Activity >> From the first line of the data below through the line holding "doc.layers.add(name, color=color, linetype=linetype)", write out each line exactly as it stands.
Input records below:
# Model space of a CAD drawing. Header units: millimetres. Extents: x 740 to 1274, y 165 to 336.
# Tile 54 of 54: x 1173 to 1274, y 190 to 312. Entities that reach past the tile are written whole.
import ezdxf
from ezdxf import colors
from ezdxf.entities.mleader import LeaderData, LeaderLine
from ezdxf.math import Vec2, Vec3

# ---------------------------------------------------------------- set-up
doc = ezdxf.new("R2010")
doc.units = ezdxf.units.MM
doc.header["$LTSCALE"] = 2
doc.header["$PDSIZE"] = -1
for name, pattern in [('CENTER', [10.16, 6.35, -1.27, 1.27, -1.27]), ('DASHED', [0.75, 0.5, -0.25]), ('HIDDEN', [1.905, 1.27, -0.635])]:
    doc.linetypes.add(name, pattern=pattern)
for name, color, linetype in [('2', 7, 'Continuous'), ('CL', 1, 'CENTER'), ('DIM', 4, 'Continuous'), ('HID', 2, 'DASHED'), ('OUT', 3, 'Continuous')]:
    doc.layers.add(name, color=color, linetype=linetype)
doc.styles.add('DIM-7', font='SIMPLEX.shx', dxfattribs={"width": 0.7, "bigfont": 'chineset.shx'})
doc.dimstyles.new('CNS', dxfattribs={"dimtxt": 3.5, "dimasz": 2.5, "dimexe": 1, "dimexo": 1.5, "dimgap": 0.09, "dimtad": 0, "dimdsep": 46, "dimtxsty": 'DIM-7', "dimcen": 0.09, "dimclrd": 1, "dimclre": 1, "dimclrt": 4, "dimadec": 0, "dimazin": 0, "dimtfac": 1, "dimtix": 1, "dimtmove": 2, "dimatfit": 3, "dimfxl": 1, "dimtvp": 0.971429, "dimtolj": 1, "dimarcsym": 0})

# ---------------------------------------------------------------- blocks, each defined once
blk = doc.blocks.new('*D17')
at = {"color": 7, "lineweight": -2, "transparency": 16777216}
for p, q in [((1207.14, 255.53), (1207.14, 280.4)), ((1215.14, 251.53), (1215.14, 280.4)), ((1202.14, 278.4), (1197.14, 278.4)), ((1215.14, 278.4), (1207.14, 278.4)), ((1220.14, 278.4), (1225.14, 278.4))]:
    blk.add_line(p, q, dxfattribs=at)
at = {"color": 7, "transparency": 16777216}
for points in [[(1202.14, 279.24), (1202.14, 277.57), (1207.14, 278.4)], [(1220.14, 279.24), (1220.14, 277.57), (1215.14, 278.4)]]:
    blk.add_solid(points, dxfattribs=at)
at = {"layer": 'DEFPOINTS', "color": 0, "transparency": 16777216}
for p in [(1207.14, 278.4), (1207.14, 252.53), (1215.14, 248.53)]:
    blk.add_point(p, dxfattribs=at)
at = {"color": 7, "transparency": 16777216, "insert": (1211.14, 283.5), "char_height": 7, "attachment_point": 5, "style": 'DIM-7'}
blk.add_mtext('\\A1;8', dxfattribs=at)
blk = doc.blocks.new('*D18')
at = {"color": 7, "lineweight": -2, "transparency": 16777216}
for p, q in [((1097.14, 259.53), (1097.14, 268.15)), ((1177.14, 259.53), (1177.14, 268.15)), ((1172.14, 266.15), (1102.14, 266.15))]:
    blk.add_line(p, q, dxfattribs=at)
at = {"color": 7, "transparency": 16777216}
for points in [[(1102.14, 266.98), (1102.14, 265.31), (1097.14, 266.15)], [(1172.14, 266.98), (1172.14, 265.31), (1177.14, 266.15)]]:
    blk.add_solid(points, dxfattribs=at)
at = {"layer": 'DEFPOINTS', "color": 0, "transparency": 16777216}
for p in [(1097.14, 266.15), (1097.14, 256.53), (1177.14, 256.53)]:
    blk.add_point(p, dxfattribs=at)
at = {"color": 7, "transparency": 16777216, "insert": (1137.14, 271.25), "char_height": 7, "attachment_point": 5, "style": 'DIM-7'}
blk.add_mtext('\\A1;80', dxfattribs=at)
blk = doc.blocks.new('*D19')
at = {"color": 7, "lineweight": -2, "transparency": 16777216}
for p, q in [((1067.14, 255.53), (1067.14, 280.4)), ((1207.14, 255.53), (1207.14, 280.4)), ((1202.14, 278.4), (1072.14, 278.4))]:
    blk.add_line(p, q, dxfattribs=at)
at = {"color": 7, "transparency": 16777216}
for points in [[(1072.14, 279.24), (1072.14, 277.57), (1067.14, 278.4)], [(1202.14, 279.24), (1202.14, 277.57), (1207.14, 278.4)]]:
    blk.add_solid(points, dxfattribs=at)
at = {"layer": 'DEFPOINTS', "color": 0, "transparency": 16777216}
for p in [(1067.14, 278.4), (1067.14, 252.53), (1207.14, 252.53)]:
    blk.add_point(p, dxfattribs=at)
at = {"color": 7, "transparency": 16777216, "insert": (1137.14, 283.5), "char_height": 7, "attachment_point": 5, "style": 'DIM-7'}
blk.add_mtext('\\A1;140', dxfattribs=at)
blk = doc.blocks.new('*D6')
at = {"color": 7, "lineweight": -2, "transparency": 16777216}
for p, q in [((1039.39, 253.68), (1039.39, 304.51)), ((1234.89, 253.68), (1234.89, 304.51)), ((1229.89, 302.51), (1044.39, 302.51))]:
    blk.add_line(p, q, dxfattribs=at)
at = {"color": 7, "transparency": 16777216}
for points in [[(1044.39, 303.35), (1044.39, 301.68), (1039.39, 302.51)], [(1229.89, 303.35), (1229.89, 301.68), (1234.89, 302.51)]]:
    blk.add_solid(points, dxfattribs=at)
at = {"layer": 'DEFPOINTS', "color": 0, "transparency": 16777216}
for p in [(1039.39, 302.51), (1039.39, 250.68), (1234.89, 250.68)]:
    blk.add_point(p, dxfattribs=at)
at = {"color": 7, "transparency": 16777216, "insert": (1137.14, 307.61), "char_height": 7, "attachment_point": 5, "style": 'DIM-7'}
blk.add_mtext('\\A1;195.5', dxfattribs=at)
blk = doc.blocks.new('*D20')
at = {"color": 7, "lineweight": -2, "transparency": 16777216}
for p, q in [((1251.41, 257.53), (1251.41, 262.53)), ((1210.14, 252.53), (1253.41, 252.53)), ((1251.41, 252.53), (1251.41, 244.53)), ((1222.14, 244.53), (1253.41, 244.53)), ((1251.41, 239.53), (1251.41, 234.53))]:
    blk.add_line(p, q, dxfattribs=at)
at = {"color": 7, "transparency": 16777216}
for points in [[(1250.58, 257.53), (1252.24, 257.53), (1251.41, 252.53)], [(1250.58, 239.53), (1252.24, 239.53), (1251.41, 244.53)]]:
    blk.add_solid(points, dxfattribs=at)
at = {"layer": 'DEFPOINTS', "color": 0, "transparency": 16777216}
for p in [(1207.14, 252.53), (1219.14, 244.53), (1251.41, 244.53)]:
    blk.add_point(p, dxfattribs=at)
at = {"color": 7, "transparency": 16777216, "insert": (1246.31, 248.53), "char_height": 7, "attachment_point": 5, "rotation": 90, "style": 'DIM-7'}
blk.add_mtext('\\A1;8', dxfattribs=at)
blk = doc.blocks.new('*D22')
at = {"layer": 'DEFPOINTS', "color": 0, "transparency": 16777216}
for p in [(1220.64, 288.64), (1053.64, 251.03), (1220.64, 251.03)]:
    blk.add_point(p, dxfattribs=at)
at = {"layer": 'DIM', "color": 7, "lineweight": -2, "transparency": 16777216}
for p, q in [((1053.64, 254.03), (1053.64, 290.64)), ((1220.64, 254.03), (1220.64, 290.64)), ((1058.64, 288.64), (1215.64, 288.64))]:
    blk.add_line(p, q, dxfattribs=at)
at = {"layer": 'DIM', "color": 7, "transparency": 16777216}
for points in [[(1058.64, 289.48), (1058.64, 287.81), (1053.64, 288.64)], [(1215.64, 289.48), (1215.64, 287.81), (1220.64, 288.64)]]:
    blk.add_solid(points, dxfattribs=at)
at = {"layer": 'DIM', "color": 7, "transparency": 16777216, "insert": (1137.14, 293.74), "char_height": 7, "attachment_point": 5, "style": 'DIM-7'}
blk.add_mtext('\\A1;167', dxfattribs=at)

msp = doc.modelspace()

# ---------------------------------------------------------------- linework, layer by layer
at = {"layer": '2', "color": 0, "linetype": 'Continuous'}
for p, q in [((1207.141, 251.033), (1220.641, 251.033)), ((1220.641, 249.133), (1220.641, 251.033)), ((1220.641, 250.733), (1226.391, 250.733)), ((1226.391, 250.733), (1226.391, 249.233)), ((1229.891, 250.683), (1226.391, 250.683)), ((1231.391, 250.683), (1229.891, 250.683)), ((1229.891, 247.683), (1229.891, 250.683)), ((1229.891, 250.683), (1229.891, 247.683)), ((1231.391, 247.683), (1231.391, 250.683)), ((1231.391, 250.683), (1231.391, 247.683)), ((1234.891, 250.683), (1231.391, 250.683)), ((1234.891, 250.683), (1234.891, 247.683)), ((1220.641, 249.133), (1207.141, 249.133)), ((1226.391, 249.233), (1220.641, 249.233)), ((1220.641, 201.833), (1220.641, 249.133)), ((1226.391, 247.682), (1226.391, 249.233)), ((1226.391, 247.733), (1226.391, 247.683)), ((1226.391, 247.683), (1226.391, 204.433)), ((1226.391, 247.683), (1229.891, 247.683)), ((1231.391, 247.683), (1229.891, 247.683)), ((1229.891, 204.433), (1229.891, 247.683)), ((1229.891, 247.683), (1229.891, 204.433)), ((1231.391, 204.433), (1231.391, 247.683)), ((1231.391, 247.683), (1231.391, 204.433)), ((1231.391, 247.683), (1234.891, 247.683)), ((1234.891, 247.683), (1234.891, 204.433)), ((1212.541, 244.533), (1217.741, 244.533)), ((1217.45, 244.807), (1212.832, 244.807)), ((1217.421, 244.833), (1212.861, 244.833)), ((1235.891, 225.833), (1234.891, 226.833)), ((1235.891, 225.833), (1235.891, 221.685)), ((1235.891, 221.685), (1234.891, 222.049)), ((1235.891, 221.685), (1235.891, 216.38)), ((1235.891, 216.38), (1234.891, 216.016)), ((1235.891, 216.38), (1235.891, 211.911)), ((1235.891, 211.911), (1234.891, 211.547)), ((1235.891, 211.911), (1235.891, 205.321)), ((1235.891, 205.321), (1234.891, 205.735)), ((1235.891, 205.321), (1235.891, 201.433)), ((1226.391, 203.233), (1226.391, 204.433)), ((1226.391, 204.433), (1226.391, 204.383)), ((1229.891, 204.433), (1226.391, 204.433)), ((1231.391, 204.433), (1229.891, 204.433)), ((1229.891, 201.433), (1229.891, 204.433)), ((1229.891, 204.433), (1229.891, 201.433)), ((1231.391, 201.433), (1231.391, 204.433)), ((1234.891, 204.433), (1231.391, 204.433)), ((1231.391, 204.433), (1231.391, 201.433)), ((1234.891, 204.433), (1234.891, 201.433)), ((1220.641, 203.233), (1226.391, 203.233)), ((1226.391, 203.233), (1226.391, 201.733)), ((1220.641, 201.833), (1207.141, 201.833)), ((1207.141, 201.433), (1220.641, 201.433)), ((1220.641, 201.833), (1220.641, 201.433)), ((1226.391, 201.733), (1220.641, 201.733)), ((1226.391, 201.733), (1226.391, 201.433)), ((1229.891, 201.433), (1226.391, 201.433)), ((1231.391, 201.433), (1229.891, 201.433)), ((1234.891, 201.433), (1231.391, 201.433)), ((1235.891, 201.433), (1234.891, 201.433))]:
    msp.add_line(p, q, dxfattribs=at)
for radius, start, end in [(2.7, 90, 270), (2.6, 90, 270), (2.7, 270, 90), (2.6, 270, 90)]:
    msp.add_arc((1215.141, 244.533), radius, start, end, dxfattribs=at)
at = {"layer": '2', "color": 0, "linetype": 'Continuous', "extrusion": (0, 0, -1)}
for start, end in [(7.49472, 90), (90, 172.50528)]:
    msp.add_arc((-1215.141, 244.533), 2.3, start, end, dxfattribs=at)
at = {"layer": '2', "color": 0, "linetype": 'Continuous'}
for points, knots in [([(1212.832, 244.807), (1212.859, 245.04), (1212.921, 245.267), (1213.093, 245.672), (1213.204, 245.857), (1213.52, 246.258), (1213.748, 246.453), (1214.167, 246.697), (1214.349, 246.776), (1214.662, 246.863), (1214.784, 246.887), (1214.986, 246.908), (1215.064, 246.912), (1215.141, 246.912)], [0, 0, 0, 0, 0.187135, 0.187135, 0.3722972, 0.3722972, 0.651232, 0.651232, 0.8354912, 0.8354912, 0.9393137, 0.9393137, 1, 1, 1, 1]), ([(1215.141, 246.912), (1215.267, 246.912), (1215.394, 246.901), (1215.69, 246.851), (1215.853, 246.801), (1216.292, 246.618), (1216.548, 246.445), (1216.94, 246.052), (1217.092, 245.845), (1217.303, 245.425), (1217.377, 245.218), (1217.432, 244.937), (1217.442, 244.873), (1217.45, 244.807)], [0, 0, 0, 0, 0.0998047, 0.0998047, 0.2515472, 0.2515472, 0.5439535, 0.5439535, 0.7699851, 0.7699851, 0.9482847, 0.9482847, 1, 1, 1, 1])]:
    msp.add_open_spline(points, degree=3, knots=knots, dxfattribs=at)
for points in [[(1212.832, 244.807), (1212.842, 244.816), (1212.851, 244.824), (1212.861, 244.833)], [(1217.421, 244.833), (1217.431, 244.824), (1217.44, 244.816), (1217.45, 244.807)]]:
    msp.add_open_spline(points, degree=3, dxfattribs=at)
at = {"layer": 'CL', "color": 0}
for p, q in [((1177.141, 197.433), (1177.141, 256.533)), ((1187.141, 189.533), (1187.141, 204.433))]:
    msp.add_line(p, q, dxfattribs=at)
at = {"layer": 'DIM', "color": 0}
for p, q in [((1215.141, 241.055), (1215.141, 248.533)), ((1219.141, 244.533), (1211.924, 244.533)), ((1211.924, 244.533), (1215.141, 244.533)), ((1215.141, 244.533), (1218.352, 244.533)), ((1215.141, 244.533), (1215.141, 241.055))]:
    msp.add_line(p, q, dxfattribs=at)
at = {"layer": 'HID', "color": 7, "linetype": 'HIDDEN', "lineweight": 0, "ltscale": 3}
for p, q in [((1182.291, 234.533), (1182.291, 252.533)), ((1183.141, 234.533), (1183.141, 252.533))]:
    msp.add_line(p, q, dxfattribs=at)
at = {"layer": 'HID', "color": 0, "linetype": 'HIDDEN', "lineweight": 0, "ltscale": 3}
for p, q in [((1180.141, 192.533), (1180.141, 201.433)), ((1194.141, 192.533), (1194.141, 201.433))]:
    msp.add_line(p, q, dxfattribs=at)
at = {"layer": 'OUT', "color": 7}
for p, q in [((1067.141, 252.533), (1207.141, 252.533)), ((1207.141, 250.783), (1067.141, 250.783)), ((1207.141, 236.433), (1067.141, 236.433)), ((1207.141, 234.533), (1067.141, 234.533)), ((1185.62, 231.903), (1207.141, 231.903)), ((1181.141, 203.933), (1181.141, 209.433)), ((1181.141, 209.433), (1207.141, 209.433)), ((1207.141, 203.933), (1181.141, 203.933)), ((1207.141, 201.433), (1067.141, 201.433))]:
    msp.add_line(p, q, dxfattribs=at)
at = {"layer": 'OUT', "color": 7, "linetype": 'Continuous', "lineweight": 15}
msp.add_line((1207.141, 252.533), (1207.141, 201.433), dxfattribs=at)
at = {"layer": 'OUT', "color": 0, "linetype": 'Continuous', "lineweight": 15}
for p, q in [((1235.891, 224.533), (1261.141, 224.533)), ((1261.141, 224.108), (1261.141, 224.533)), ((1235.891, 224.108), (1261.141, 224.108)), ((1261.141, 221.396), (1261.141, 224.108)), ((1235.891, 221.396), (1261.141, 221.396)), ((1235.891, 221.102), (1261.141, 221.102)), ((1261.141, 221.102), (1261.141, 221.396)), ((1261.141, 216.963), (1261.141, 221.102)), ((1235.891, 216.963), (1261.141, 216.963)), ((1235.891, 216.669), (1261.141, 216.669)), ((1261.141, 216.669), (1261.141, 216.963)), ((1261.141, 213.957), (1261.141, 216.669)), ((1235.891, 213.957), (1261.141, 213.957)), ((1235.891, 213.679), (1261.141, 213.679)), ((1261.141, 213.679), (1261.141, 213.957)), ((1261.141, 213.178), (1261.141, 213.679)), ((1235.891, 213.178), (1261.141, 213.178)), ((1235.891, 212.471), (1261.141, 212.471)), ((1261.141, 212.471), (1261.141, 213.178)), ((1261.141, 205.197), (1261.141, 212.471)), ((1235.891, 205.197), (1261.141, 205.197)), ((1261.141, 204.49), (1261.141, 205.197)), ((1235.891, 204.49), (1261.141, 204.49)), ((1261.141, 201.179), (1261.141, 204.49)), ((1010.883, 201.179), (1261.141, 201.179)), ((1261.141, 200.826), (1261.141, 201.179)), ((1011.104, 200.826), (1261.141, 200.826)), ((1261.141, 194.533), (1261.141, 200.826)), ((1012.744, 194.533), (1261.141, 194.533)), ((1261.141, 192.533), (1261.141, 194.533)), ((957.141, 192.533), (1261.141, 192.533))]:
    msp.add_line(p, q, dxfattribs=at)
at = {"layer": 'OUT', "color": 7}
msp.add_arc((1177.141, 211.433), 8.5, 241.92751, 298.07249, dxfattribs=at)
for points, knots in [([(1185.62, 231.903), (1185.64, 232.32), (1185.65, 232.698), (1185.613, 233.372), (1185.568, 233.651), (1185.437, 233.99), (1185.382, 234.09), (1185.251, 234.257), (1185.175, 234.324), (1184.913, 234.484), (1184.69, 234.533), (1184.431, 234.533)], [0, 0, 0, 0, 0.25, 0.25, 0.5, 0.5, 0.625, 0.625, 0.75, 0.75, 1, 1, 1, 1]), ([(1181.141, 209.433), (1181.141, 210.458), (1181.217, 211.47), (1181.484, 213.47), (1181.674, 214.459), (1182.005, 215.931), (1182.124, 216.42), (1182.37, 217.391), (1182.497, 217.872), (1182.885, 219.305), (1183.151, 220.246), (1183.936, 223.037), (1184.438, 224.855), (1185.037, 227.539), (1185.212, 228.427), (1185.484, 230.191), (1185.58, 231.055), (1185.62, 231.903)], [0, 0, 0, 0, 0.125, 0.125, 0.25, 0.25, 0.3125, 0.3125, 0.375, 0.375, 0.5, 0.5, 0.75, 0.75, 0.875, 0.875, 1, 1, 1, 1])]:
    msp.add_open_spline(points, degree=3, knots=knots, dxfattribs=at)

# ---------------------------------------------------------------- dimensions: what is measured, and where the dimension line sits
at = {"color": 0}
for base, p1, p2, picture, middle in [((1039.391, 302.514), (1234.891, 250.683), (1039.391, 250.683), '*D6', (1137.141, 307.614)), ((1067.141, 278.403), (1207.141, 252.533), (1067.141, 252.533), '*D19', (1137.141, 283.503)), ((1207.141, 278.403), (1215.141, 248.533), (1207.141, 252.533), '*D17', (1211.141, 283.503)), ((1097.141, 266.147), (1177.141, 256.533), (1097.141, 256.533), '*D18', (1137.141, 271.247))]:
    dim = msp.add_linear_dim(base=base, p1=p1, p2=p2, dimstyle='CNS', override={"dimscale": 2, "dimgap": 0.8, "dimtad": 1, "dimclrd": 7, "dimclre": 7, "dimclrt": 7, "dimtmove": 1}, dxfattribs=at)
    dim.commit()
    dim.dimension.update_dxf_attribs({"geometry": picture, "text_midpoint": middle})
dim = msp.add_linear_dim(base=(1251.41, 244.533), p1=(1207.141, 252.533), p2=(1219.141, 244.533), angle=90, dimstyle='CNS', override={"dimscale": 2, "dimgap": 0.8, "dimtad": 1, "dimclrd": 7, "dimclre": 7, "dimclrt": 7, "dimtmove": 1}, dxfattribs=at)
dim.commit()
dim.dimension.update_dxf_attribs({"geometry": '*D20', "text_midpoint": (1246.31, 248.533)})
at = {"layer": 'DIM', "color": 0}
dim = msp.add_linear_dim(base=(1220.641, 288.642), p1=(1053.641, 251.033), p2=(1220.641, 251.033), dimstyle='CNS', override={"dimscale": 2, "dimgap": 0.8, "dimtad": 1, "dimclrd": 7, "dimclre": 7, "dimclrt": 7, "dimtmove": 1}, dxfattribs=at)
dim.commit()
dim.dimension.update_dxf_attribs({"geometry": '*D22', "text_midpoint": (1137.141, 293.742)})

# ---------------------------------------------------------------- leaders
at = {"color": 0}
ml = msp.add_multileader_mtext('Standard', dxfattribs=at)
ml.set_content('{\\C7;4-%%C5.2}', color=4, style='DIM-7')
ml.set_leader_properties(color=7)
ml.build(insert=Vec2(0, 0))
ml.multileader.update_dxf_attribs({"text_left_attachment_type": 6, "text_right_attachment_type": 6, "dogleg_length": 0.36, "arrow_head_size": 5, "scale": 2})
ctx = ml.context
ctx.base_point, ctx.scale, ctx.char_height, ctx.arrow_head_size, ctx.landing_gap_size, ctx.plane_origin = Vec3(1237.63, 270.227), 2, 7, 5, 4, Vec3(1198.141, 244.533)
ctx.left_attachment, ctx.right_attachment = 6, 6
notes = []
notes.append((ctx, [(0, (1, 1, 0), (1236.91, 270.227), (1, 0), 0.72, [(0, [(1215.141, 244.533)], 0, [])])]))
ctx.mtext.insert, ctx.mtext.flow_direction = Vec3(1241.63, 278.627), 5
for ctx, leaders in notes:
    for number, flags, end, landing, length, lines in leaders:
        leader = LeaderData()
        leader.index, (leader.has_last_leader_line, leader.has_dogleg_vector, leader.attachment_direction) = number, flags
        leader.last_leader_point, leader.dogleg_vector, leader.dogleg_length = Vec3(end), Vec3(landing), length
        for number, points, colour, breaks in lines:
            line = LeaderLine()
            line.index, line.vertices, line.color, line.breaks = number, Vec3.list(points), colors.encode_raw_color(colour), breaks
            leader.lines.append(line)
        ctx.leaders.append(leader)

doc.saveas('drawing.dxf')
End of Input records.
Output for this exercise >>
# Model space of a CAD drawing. Header units: millimetres. Extents: x 740 to 1274, y 165 to 336.
# Tile 54 of 54: x 1173 to 1274, y 190 to 312. Entities that reach past the tile are written whole.
import ezdxf
from ezdxf import colors
from ezdxf.entities.mleader import LeaderData, LeaderLine
from ezdxf.math import Vec2, Vec3

# ---------------------------------------------------------------- set-up
doc = ezdxf.new("R2010")
doc.units = ezdxf.units.MM
doc.header["$LTSCALE"] = 2
doc.header["$PDSIZE"] = -1
for name, pattern in [('CENTER', [10.16, 6.35, -1.27, 1.27, -1.27]), ('DASHED', [0.75, 0.5, -0.25]), ('HIDDEN', [1.905, 1.27, -0.635])]:
    doc.linetypes.add(name, pattern=pattern)
for name, color, linetype in [('2', 7, 'Continuous'), ('CL', 1, 'CENTER'), ('DIM', 4, 'Continuous'), ('HID', 2, 'DASHED'), ('OUT', 3, 'Continuous')]:
    doc.layers.add(name, color=color, linetype=linetype)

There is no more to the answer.